The predictions of perceptual load theory raised another question that needs to be answered: if perceptual capacity is not filled by the target-related stimuli and distractors are not excluded perceptually, how are the targets selected among distractors? Lavie et al. (2004) proposed that there must be another mechanism that enables active cognitive control over attention to prevent distractors from taking control of the behaviour in low perceptual load conditions. The functions of this active cognitive/executive control mechanism are listed as frontal lobe functions: inhibition (self-control and interference control), working memory (WM), and cognitive flexibility (also called set-shifting or mental set-shifting; Diamond, 2013; Miyake et al., 2000) which are essential especially for selecting and maintaining priority information between targets and distractors, suppressing possible behaviours arising from distractors, and fulfilling target-compatible behaviours (Gaspelin & Luck, 2018; Lavie, 2000). Lavie et al. (2004) argued that depleting the capacities of these frontal lobe functions and so running short of their available resources is thought to have a distorting effect on performing goal-directed behaviour. Lavie et al. (2004) tested this prediction. They first presented a display containing one (low WM load condition) or six numbers (high WM load condition) to the participants. The participants were instructed that they had to keep these numbers in their minds and then they were asked a question about these numbers. While doing this, a selective attention task (SAT) based on the classical response competition paradigm was presented with a low perceptual load. In this task, the participants tried to determine the identity of the target letter as quickly as possible, as mentioned earlier. After the SAT, a question was asked about the numbers they had in mind. The analyses on the data with correct memory responses revealed that compared with one, keeping six digits in WM increased the interference of distractors on a concurrently performed SAT. Studies on the load effects of the active cognitive control mechanism have revealed similar results (Boot et al., 2005; Lavie & de Fockert, 2006). According to de Fockert (2013), WM and attention are highly correlated and WM resources are important for maintaining the priority of target information, especially in situations where both the target and the distractor are perceived.

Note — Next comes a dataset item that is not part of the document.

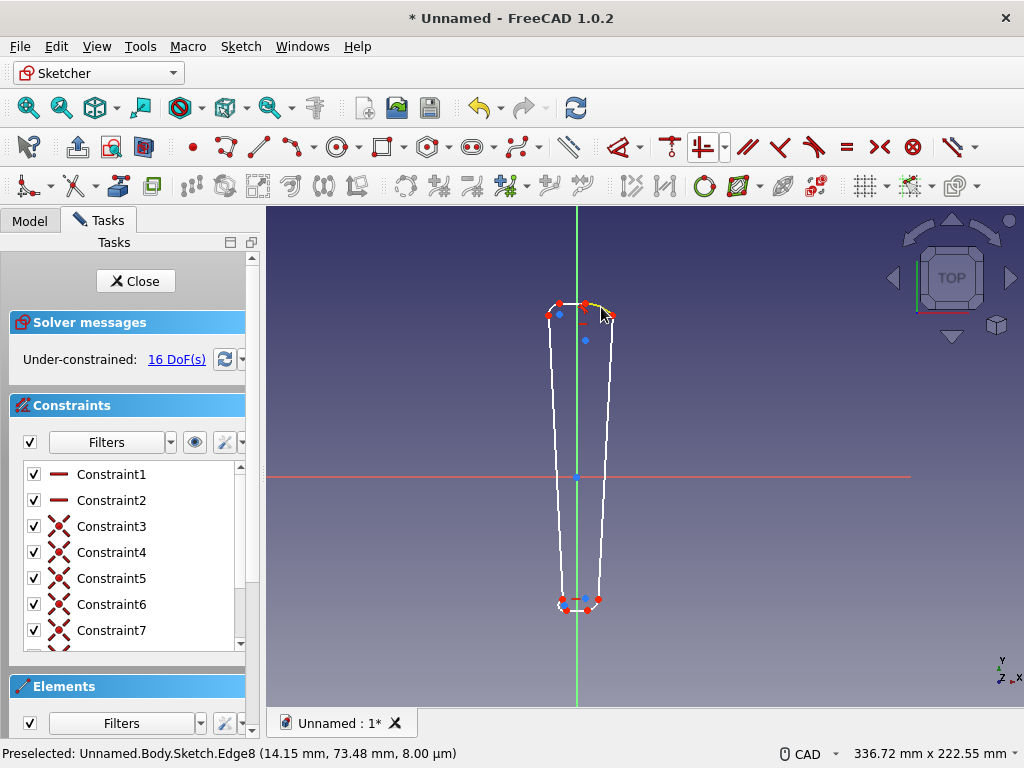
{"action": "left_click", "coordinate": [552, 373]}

The main prediction of the load theory regarding the load effect on the control mechanism, however, is mostly based on the findings of the research focused on the WM component (see Brand-D’Abrescia & Lavie, 2008 for the effect of multiple task coordination). Indeed, recent studies are now investigating how the load effects of different functions of WM, maintenance, and control may differ (see Konstantinou et al., 2014; Yao et al., 2020). However, a successful control can also be achieved by suppressing the distracting effects, that is, by the inhibition function of the active cognitive control mechanism (e.g., Gaspelin & Luck, 2018). The role of the inhibition function in selective attention has been usually revealed through studies on Negative Priming (NP). NP effect is defined as slowing RTs to previously ignored stimuli. Studies on NP suggest that the inhibition component has an important role in suppressing distracting effects (e.g., Tipper, 1985, 2001). However, Frings et al. (2015) argued that an NP paradigm is not an ideal task for studying only and exclusively inhibition function, because both inhibition and memory retrieval processes contribute to the NP effect (see Mayr & Buchner, 2007, for different accounts for NP effect). Therefore, the current study aimed to examine the role of the inhibition component on selective attention in a different way adopting the load approach. The load approach is important because it enables one to test whether the predictions of the load theory for both perceptual mechanism and the active cognitive control mechanism are valid for the inhibition component.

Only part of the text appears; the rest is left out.